Robin Rice is the Creative Director of the Stop The Beauty Madness campaign and President of our sponsor company, Be Who You Are Productions, Inc. Robin is a mentor to world-level leaders through Rainmaker Consulting, "changing the lives of people who are changing the world." She is an internationally published author (if you love this website, you will love her novel Venus For A Day) and a self-proclaimed Social Change Artist. She offers a yearly 9-month apprenticeship in mentoring the soul at HealingWithPresenceAndBeauty.com.

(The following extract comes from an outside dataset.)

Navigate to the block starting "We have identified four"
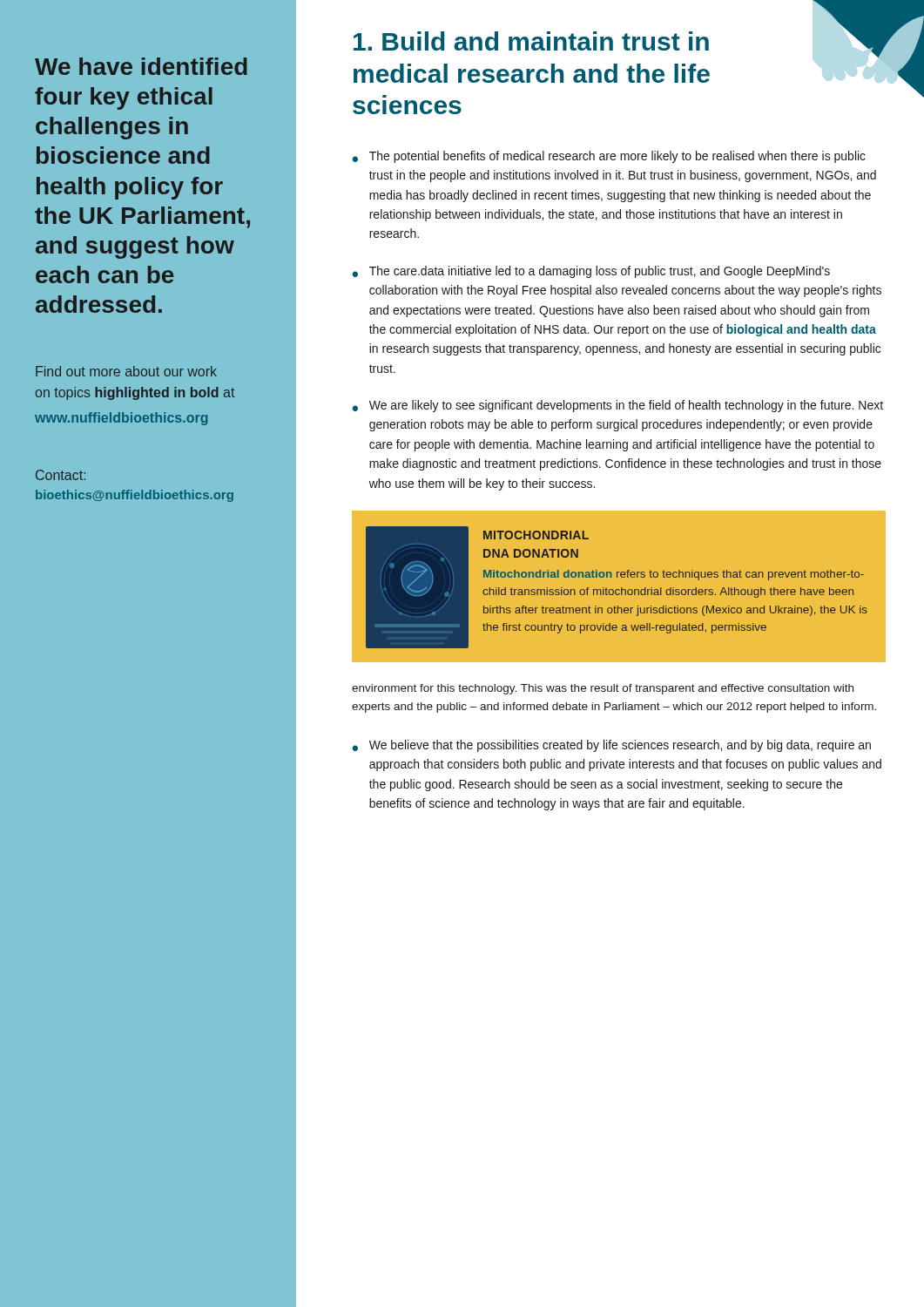[150, 186]

Hmmmm. The site also offers Robin's free Stop the Beauty Madness audio series (a podcast, basically), which launches on July 28th. Now, I have to admit phrases like "self-proclaimed social change artist" make me roll my eyes so much I'm worried I'll lose a contact lens (leading me to believe that I will not actually love Robin's novel Venus for A Day).

But it is hard to argue with the spirit behind the campaign. Refreshingly, the campaign doesn't present any sort of body type as a "real woman" or " real beauty"; it criticises stereotypes of thin women and muscular women as well as negative images of larger women. In   a Huffington Post interview, Rice said that

"Naturally thin women, or women who choose to work out and have really buff bodies, or elderly women, are not excluded from this conversation. They get their own backlash...We look at beauty magazines and fashion photographs and whether we theoretically believe in them or not, we've seen so many of them and they've been put into exactly the right light and ratio that something inside of us has said 'That's beautiful.' Whether or not we believe in it intellectually, something deeper has set in and we compare ourselves to that.

So what do you think of the campaign? Is it patronising or is it addressing a real and important issue? And what do you think is the best way to challenge beauty stereotypes?